Author information
1Division of Global Public Health, University of California San Diego, USA.
2School of Social and Community Medicine, University of Bristol, UK.
3Leeds Community Healthcare NHS Trust, UK.
4London School of Hygiene and Tropical Medicine, UK.
5University of Nottingham, UK.
6County Durham and Darlington NHS Trust, UK.
7Glasgow Caledonian University, UK.
8Public Health England, UK.
Abstract
BACKGROUND:
Prisoners have a high prevalence of Hepatitis C virus (HCV), but case-finding may not have been cost-effective because treatment often exceeded average prison stay combined with a lack of continuity-of-care. We assess the cost-effectiveness of increased HCV case-finding and treatment in UK prisons using short-course therapies.
METHODS:
A dynamic HCV transmission model assesses the cost-effectiveness of doubling HCV case-finding (achieved through introducing opt-out HCV testing in UK pilot prisons) and increasing treatment in UK prisons, compared to status-quo voluntary risk-based testing (6% prison entrants/year), using currently recommended therapies(8-24 weeks) or IFN-free DAAs(8-12 weeks, 95% SVR, £3300/wk). Costs(GBP£) and health utilities(quality-adjusted life-years,QALYs) were used to calculate mean incremental cost-effectiveness ratios(ICERs). We assume 56% referral and 2.5%/25% of referred people who inject drugs(PWID)/exPWID treated within 2 months of diagnosis in prison. PWID and ex/nonPWID are in prison an average 4/8 months, respectively.
RESULTS:
Doubling prison testing rates with existing treatments produces a mean ICER of £19,850/QALY gained compared to current testing/treatment, and is 45% likely to be cost-effective under a £20,000 willingness-to-pay(WTP) threshold. Switching to 8-12 week IFN-free DAAs in prisons could increase cost-effectiveness(ICER £15,090/QALY gained). Excluding prevention benefit decreases cost-effectiveness. If >10% referred PWID are treated in prison (2.5% base-case), either treatment could be highly cost-effective(ICER<£13,000). HCV case-finding and IFN-free DAAs could be highly cost-effective if DAA cost is 10% lower or 8 weeks duration.
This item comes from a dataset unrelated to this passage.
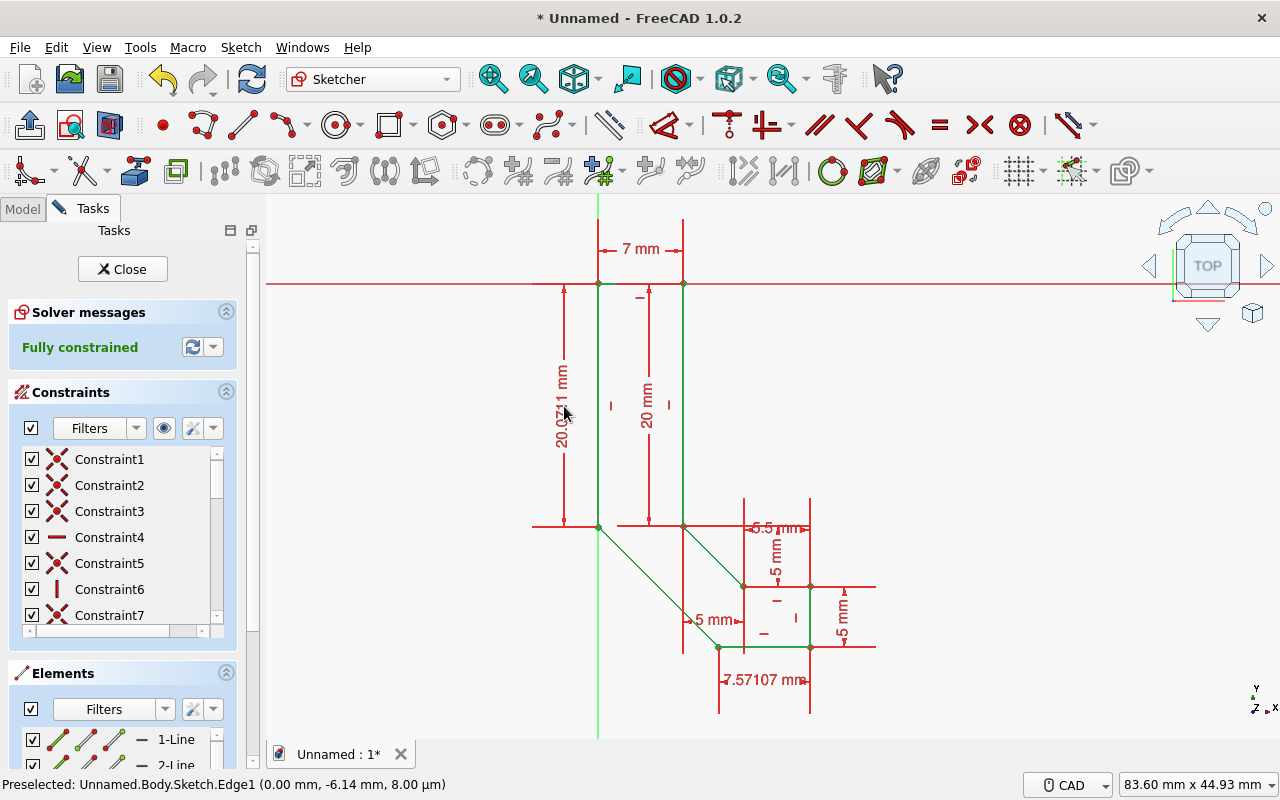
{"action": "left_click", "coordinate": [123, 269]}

Conclusions Increased HCV testing in UK prisons (such as through opt-out testing) is borderline cost-effective compared to status-quo voluntary risk-based testing under a £20,000 WTP with current treatments, but likely to be cost-effective if short-course IFN-free DAAs are used, and could be highly cost-effective if PWID treatment rates were increased.